Even when we were on a relatively wide spot, the ground was treacherously uneven. Roots lurched out of the ground at unpredictable angles, threatening to launch Chris onto the ground. I had to inch his chair forward, ready to run to whichever side his chair threatened to tip over to, in order to set it back on four wheels.
It was exhausting. I was dripping with sweat by the time we reached the river bank. Well, by the time
I
reached the river bank – with Chris in tow. I had not had a chance to check in with him since we got off the bus. He was literally just a package until we could reach the cabin and I could pull out the cards so that he could let me know what he
was thinking.
I just had to keep going. By the time we got to the river, I was realising how difficult it was going to be to get us to the cabin. This is where the path ended. It was only another kilometre or so downstream, but it was a tricky kilometre. I had always skirted along the riverbank, holding onto branches to swing around places where the trees came right down to the water. There was no way I could do that with Chris.
In the end I took off my shoes and socks, rolled up my jeans and waded into the water pushing Chris’s chair. The bed of the river was full of big, rounded stones covered in green slime. It was very slippery, but at least the handles of the wheelchair gave me some stability. Still, the chair itself was not very stable as it bumped along into big holes and crevices between the stones.
The water was freezing, but I didn’t even feel it once we started down the river. Just like on the path, I would push Chris’s chair until it was truly stuck, and then I would go to the front to try to pull it out. Chris himself did not make it easy. He was flapping in panic. The river was pretty shallow, and his feet were well out of the water, but I imagined it must be pretty frightening to have no control, as your vehicle careens down a river.
‘Almost there, Chris. Sorry about all this,’ I said, trying to give him a big smile, which probably ended up more like a
grimace. Chris had a look of terror pasted on his face. We
were
almost there. Just one more bend and we would come to the little sandy beach. I found some more strength to push him around the bend without getting stuck once. Just one final push and we would be there.

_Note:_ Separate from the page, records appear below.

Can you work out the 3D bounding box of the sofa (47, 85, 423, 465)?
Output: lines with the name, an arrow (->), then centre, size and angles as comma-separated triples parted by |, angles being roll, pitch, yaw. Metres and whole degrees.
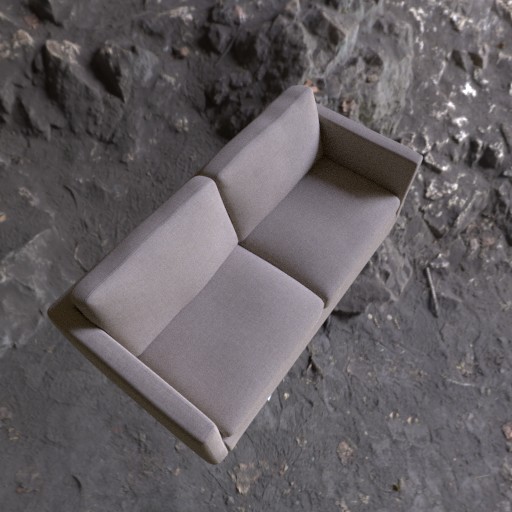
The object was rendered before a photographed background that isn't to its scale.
sofa -> 0.000, 0.000, 2.416 | 0.951, 0.947, 1.884 | 33, 64, 18
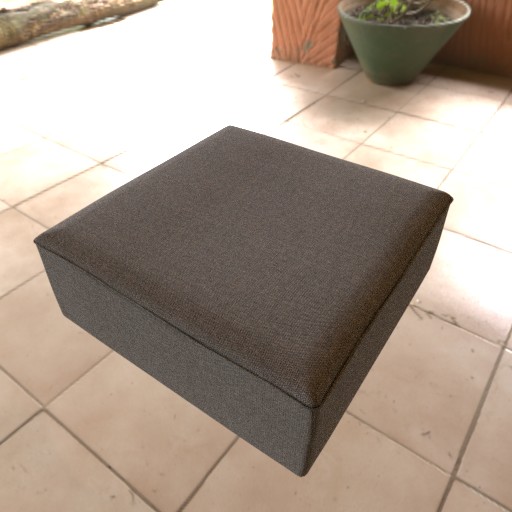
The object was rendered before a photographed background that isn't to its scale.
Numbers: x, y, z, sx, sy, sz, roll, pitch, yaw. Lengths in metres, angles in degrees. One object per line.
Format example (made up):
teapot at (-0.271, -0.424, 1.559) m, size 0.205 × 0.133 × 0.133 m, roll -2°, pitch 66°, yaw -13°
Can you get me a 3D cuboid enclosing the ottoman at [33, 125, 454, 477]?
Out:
ottoman at (0.000, 0.000, 1.562) m, size 1.023 × 0.423 × 1.017 m, roll 25°, pitch 47°, yaw 26°
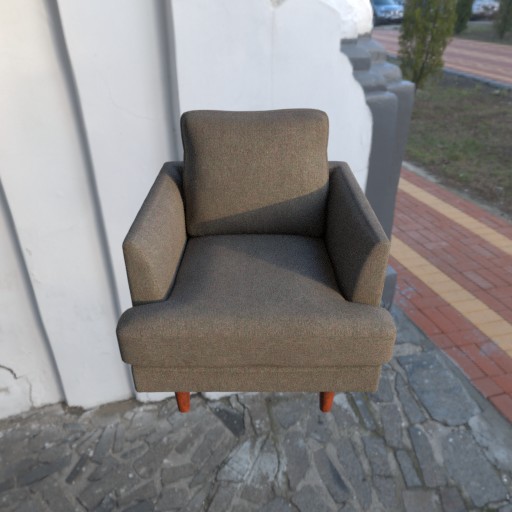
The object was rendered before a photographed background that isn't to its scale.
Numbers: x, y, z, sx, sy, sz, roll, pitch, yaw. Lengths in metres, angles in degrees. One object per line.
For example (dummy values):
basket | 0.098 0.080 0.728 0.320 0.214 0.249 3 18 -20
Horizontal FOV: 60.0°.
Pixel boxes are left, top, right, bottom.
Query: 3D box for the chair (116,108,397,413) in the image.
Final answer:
chair | 0.000 0.000 1.688 0.858 0.957 0.899 0 31 0
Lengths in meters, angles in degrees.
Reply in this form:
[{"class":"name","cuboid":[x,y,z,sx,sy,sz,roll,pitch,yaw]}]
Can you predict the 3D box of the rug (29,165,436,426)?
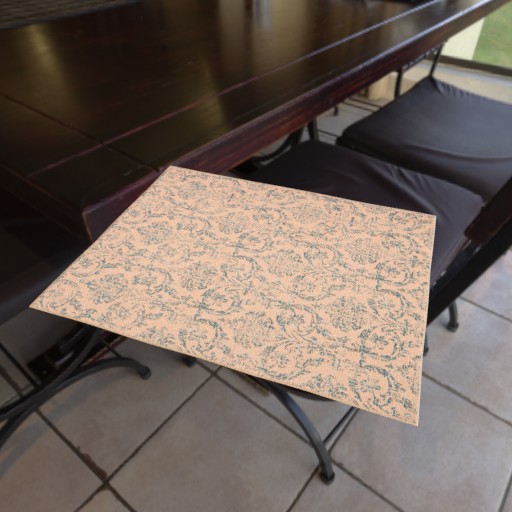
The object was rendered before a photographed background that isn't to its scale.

I’m not sure what happened next. One minute I was standing up, relieved that we had made it. The little beach was just ahead. The next minute I was down in the water. And Chris and his chair were on top of my right leg. Pain shot through my leg when I pulled it out and scrambled upright, but I barely noticed that in my panic to get Chris’s chair out of the water. Somehow I managed to pull Chris, still strapped securely into the chair, onto the beach and then right the chair again. He was soaking wet, but at least he seemed otherwise all right.
It was only when I went to push him from the beach, across the little field to the cabin that I knew that I was not all right. My leg just wasn’t working. I couldn’t stand on it. I tried again. Shooting pain.
There was no choice though. The sun was almost behind the trees now. It would be getting cold soon. I had to get Chris inside and dried off. It was hard to stop from screaming with the pain.
One, two, three
. I concentrated on counting the steps to the cabin. I had pushed through pain before; at least this pain was tangible.
Sixty-one, sixty-two, sixty-three
. We were there. But for the
first time ever I did not feel the usual relief of arriving at my safe place. Instead cold, sharp fear gripped me. What had I done?